Supplier Quality Audit Non-conformance in Lyons Quality Audit Tracking System occurs when a supplier’s products, processes, or systems fail to meet the specified requirements, standards, or contractual agreements. During the audit, auditors identify and document these deviations, which can have significant consequences for quality, safety, and compliance.
Product Quality Issues: Defects, incorrect specifications, or damaged goods that do not meet the agreed standards.
Process Failures: Deviations in manufacturing or operational procedures that impact product quality.
Documentation Gaps: Missing or incorrect records that fail to comply with regulatory or contractual requirements.
Safety or Regulatory Violations: Non-compliance with industry regulations or safety standards.
2. Classifying Non-Conformance
Auditors classify non-conformance into categories based on severity:
Minor Non-Conformance: Less critical issues that need attention but do not pose significant risks.
Major Non-Conformance: Serious issues that impact quality, safety, or regulatory compliance.
Critical Non-Conformance: Issues that threaten the product’s safety, functionality, or compliance with legal standards, requiring immediate action.
3. Documenting Non-Conformance
Auditors document non-conformance by:
Describing the Issue: Clearly explaining the problem, its cause, and its potential impact.
Providing Evidence: Including photos, videos, or inspection reports to support findings.
Conducting Root Cause Analysis: Investigating the underlying reasons for the non-conformance.
4. Corrective and Preventive Actions (CAPA)
After identifying non-conformance, auditors require the supplier to:
Take Corrective Actions: Fix the specific issue, such as replacing defective products or addressing process flaws.
Implement Preventive Actions: Establish measures to prevent recurrence, such as improving controls or training.
5. Impact on Supplier Relationships
Non-conformance can affect the supplier relationship by:
Risking Business: Persistent non-conformance may result in the loss of contracts or reduced order volumes.
Damaging Reputation: Suppliers with recurring issues may damage their reputation with buyers or the market.
Triggering Additional Audits: The buyer may conduct more frequent audits and closely monitor corrective actions.
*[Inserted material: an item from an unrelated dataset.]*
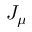<formula> <loc_0><loc_0><loc_500><loc_500>J _ { \mu }</formula> 
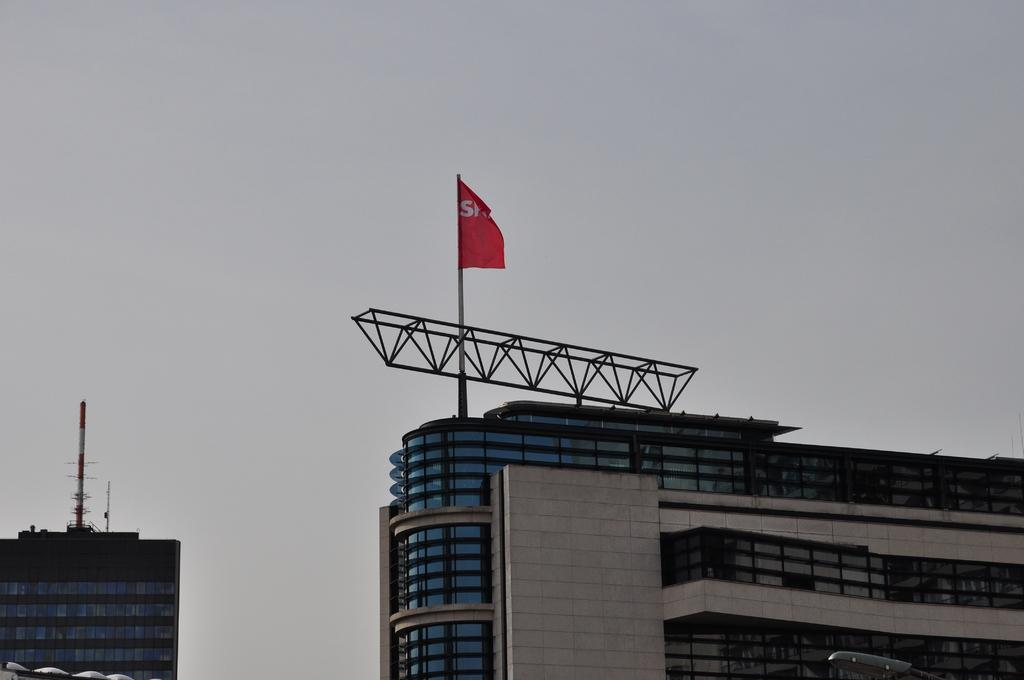What is the main structure in the image? There is a huge building in the image. What is attached to the top of the building? There is a flag flying in the air on top of the building. What can be seen opposite to the building? There is another tower opposite to the building. What is visible in the background of the image? The sky is visible in the background of the image. What type of holiday is being celebrated in the image? There is no indication of a holiday being celebrated in the image. What does the building regret in the image? Buildings do not have the ability to feel regret, so this question is not applicable to the image. 
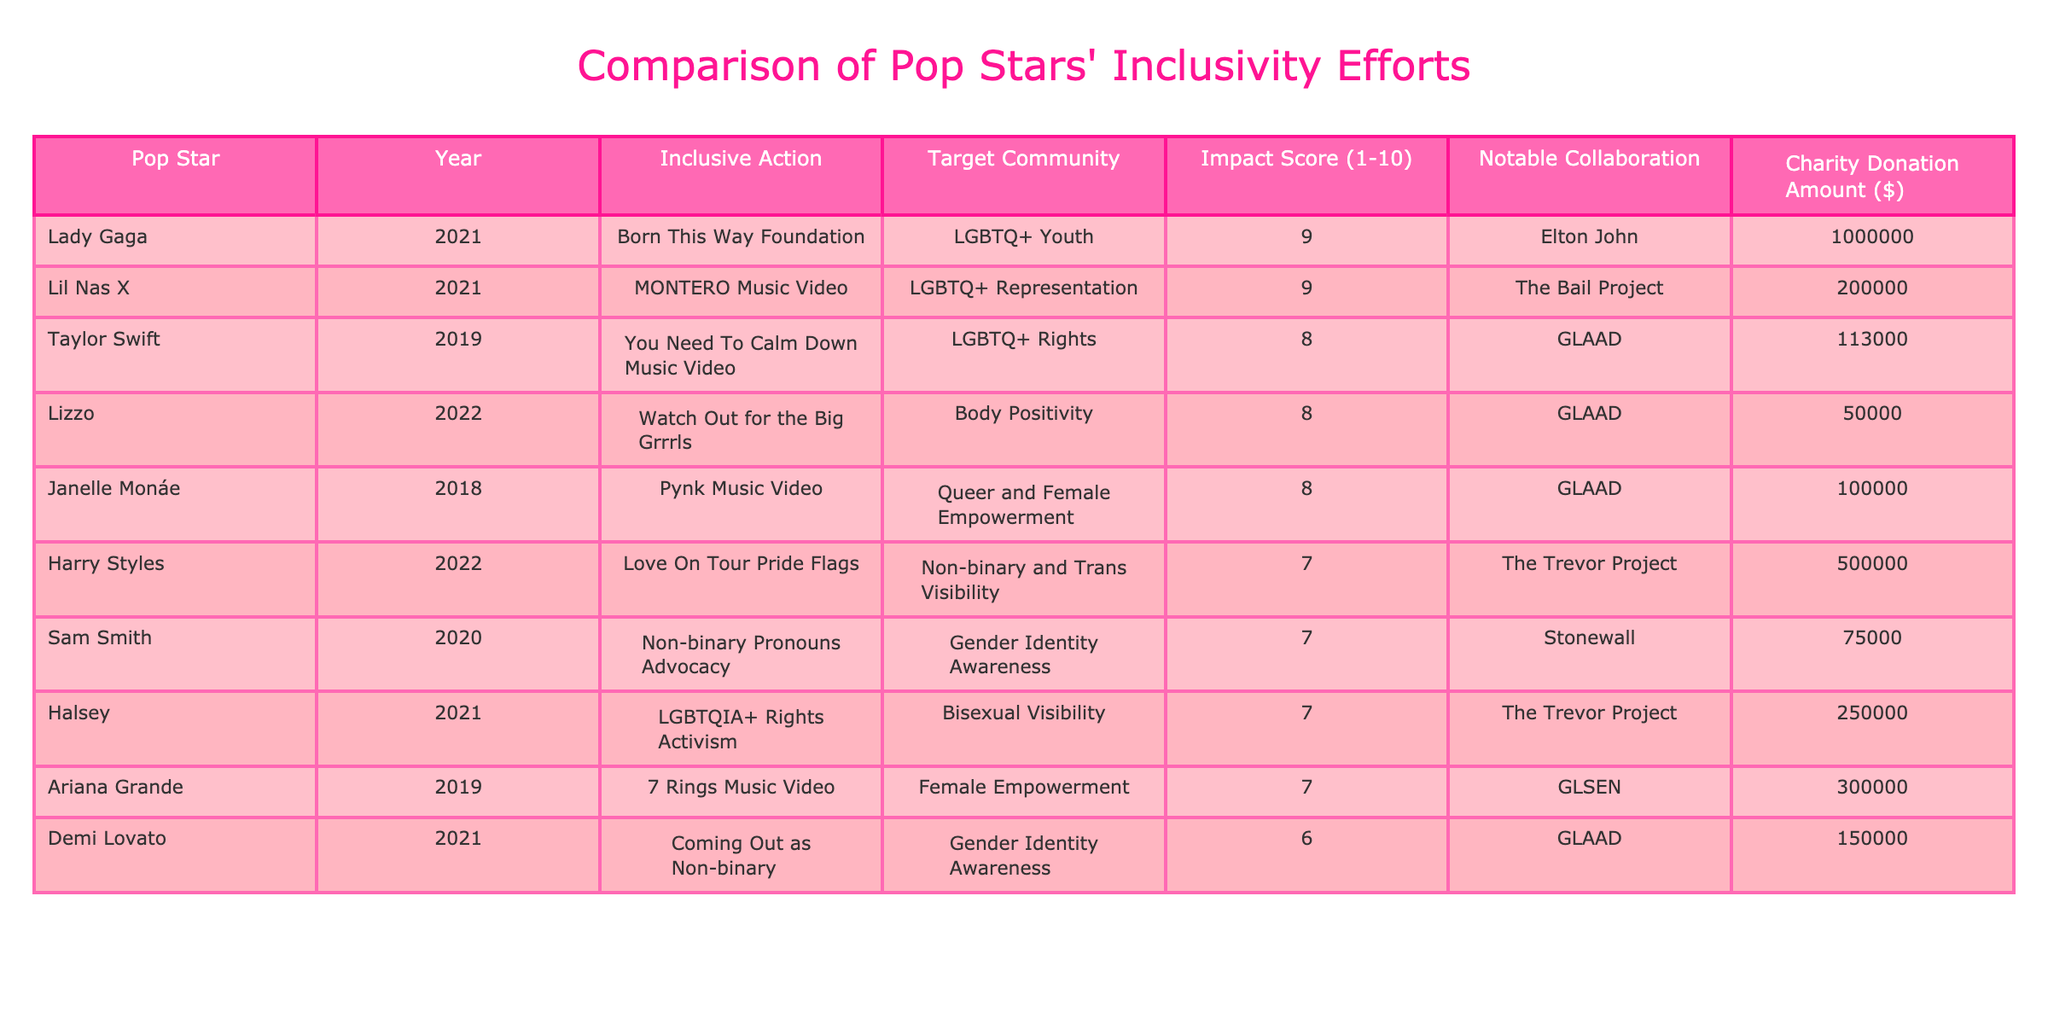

6. Evaluating Supplier Performance
Auditors use non-conformance findings to evaluate the supplier’s performance. A supplier’s ability to resolve non-conformances and prevent future issues plays a significant role in determining the supplier’s future business prospects.
In summary, non-conformance during a Supplier Quality Audit highlights areas where the supplier fails to meet required standards. Addressing these issues quickly helps improve product quality, ensure compliance, and maintain strong supplier relationships.